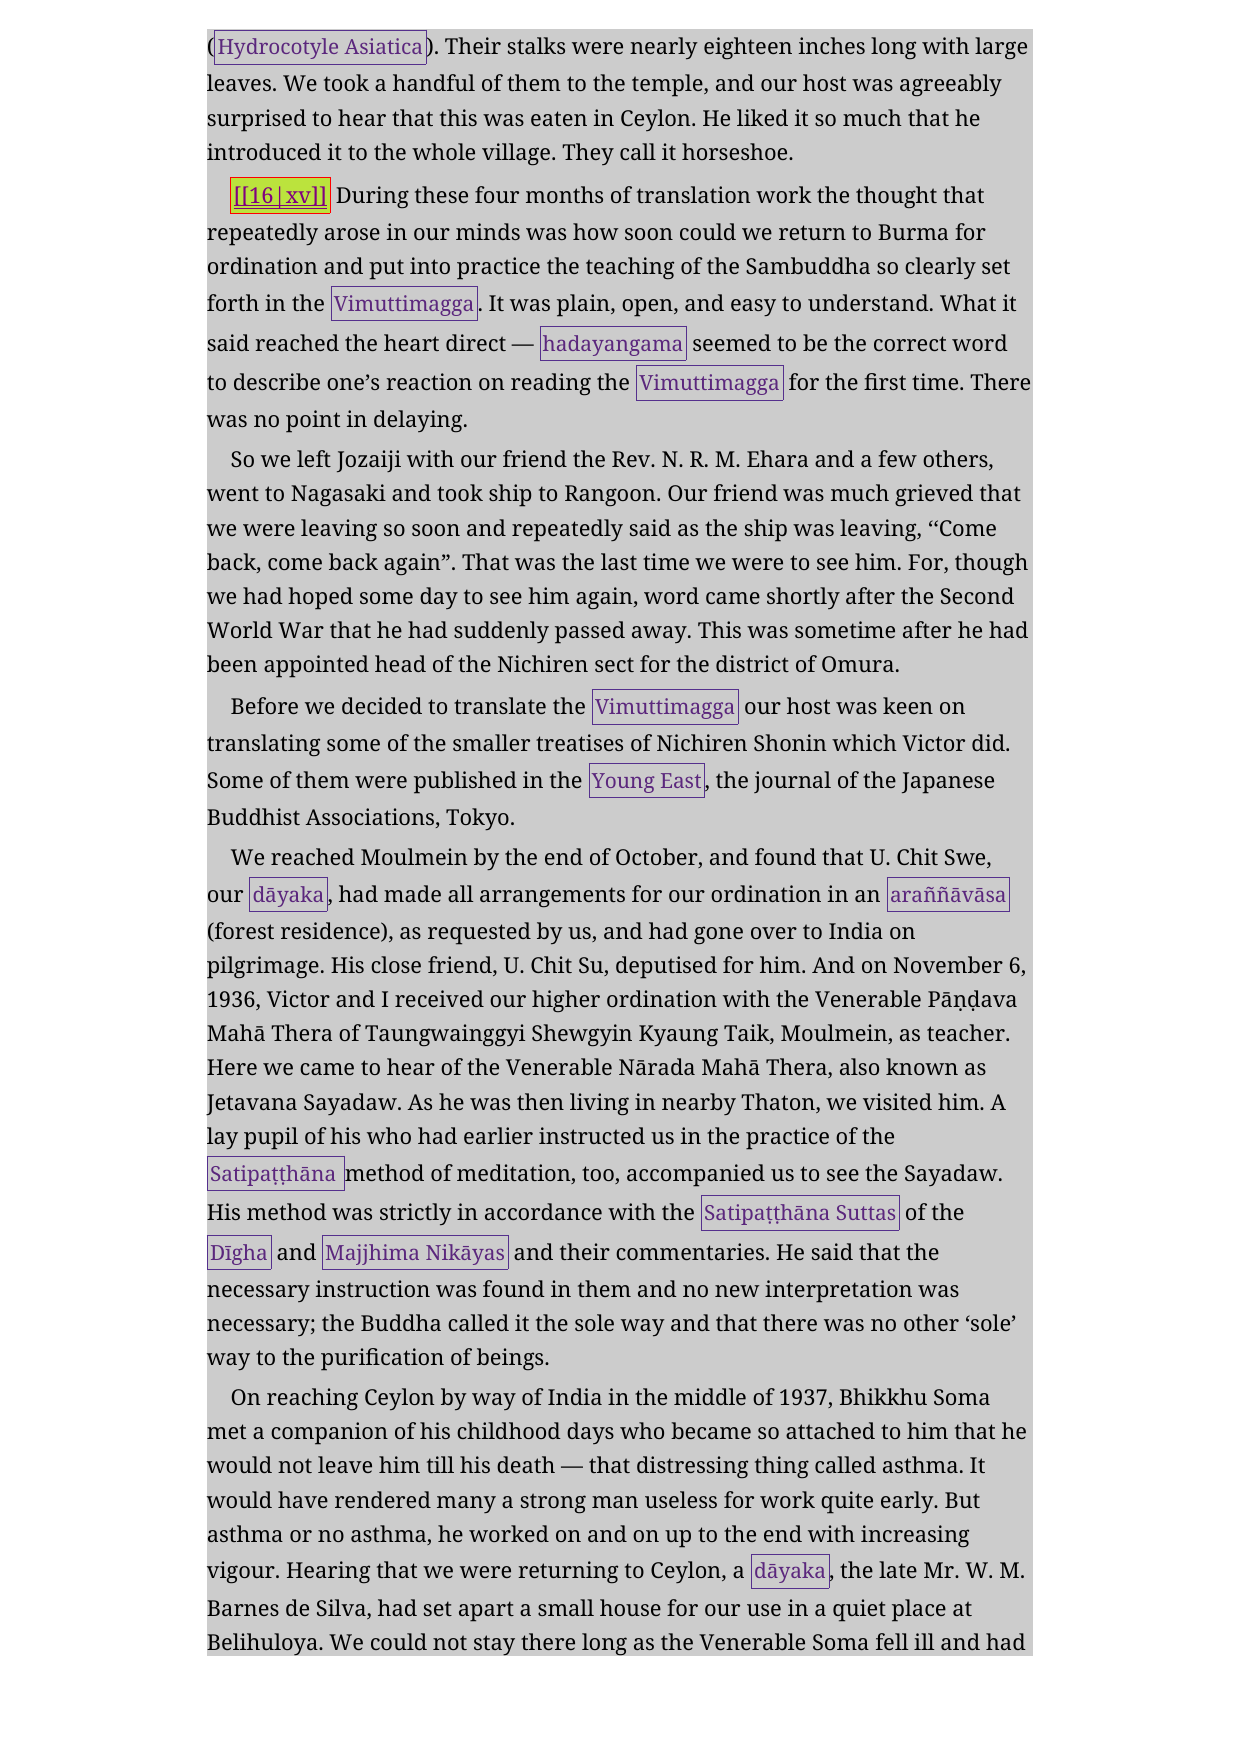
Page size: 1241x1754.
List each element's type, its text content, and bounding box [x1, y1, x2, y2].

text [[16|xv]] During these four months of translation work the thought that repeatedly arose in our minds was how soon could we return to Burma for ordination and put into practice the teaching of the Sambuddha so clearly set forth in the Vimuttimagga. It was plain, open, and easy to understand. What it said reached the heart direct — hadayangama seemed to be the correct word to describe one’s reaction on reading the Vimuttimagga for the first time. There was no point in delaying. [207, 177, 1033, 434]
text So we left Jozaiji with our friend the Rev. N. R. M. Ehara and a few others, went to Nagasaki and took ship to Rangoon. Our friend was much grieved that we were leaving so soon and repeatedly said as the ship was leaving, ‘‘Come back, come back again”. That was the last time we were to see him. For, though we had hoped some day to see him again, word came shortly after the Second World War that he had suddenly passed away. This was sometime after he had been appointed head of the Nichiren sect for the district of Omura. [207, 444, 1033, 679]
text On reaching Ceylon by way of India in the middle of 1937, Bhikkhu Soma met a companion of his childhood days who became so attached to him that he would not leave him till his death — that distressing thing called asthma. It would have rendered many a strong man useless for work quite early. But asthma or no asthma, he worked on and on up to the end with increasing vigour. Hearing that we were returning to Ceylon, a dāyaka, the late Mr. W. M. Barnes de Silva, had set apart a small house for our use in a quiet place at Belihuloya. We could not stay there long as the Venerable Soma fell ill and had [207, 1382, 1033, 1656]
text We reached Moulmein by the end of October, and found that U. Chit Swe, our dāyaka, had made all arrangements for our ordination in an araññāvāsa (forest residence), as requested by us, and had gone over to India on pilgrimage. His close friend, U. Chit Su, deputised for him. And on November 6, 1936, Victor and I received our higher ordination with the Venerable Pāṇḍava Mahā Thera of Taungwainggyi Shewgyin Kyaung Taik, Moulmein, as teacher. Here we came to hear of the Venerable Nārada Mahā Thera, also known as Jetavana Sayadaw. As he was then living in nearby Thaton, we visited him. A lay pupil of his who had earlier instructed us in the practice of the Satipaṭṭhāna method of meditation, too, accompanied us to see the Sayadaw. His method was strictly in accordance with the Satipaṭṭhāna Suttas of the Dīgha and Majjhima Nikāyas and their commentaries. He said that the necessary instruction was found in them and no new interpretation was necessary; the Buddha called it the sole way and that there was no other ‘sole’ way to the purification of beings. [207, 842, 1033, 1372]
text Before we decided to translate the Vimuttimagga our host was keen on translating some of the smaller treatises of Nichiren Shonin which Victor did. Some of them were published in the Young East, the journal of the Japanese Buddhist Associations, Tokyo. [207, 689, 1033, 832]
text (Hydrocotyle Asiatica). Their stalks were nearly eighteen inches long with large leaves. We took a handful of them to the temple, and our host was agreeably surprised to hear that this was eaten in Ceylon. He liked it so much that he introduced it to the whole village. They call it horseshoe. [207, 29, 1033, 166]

##############################

* TASK
Reproduce exactly the entries from their first line through the line containing "List each element's", including both, and omit any pictures.

* OUTPUT BELOW
Page size: 1241x1754.
List each element's type, its text content, and bounding box [x1, y1, x2, y2].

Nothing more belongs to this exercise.